I agree with the other developers that writing an API for all the different systems is excessive. You would likely get it done faster and have much more control over it if you just take the other suggestion of creating a single database.
One of the challenges that you will have is to align the data in each of the different systems so that it can be integrated in the first place. It may be that each of the systems that you want to integrate holds entirely different sets of data but more likely it is data that is overlapping. Before diving into writing API:s (which is the route I would take as well given your description) I would recommend that you try and come up with a logical data model for the data that needs to be integrated. This data model will then help you leverage the data that you are having in the different systems and make it more useful to the other databases.
I would also highly recommend an iterative approach to the integration. With legacy systems there is so much uncertainty that trying to design and implement it all in one go is too risky.
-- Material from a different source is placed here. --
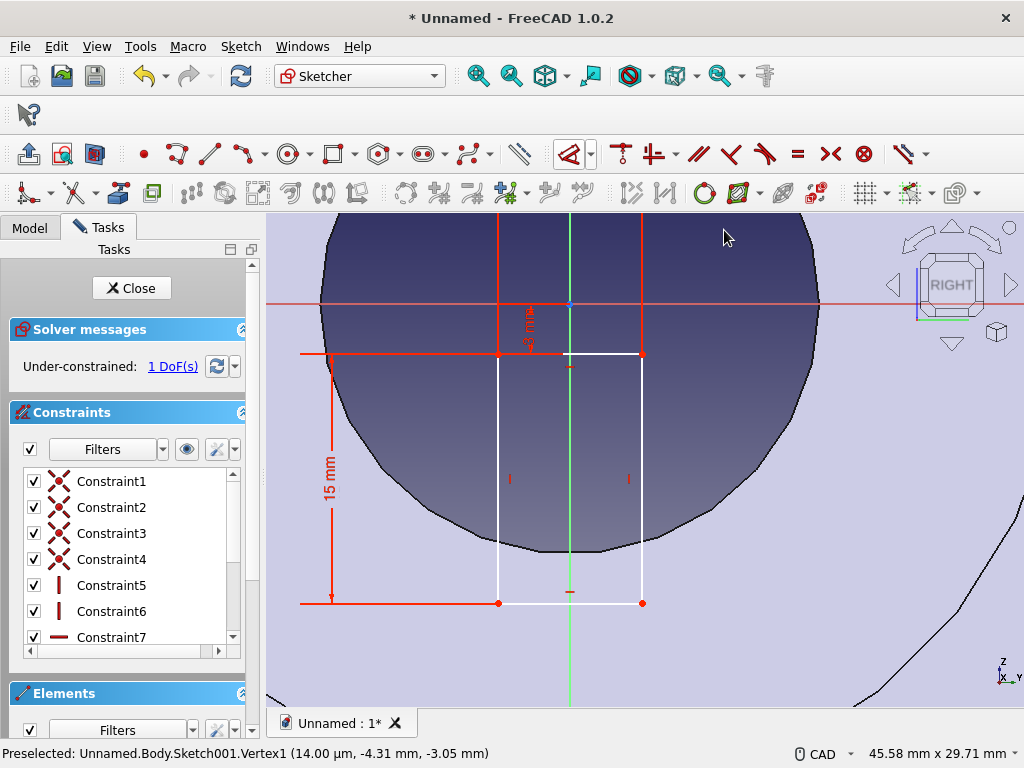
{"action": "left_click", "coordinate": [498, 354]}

Start small and work your way to a reasonably integrated system. "Fully integrated" is hardly ever worth aiming for.
Directly interfacing via pushing/ poking databases exposes a lot of internal detail of one system to another. There are obvious disadvantages: upgrading one system can break the other. Moreover, there can be technical limitations in how one system can access the database of the other (consider how an application written in C on Unix will interact with a SQL Server 2005 database running on Windows 2003 Server).
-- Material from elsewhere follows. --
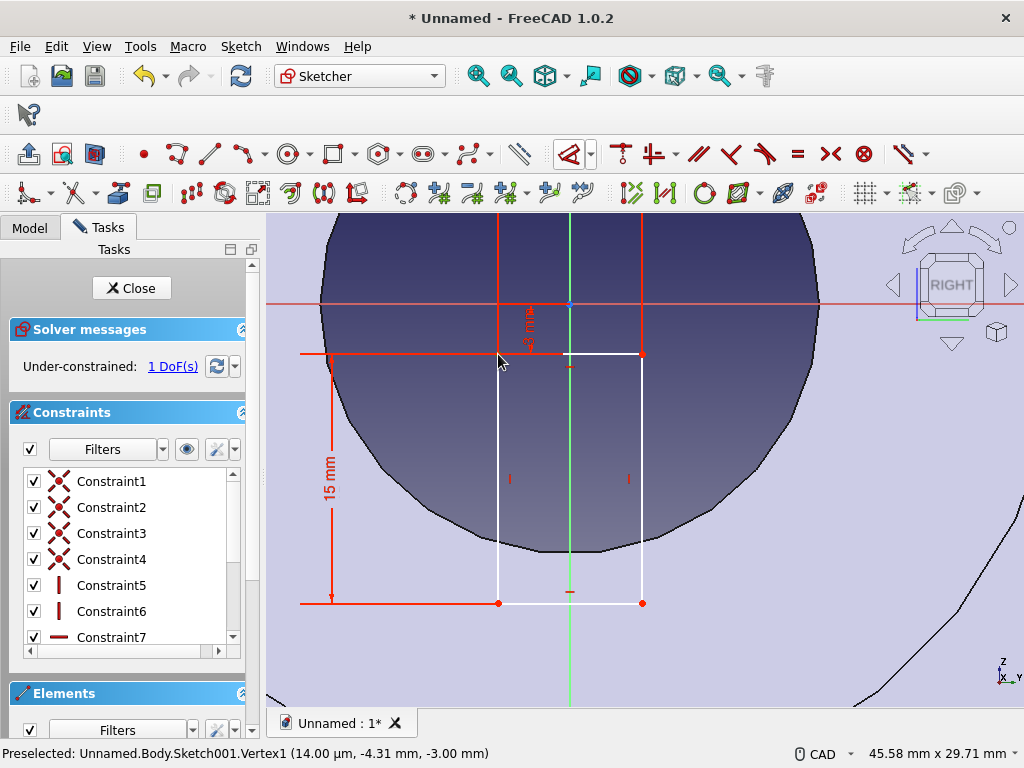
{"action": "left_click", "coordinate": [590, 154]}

The first thing you have to decide is the platform where the "master database" will reside, and the same for the middleware providing the much required glue. Instead of going towards API level middleware-integration (such as CORBA), I would suggest you to consider Message Oriented Middleware. MS Biztalk, Sun's eGate and Oracle's Fusion can be some of the options.
Your idea of a new database is a step in the right direction. You might like to read a little bit on Enterprise Entity Aggregation pattern.
A combination of "data integration" with a middleware is the way to go.
If you are going towards Middleware + Single Central Database strategy, you might want to consider achieving this in multiple phases. Here's a logical stepped process which can be considered:
Implementation of services/APIs for different systems which expose the functionality for each system
Implementation of Middleware which accesses these APIs and provides an interface to all the systems to access the data/services from other systems (accesses data from central source if available, else gets it from another system)
Implementation of Central Database only, without data
Implementation of Caching/Data-Storage Services at the Middleware level which can store/cache data in the central database whenever that data is accessed from any of the Systems e.g. IF System A's records 1-5 are fetched by System B through Middleware, the Middleware Data Caching Services can store these records in the centralized database and the next time these records will be fetched from the central database
Data Cleansing can happen in Parallel
You can also create a import mechanism to push data from multiple systems to the central database on a daily basis (automated or manual)
This way, the effort is distributed across multiple milestones and data is gradually stored in the central database on first-accessed-first-stored basis.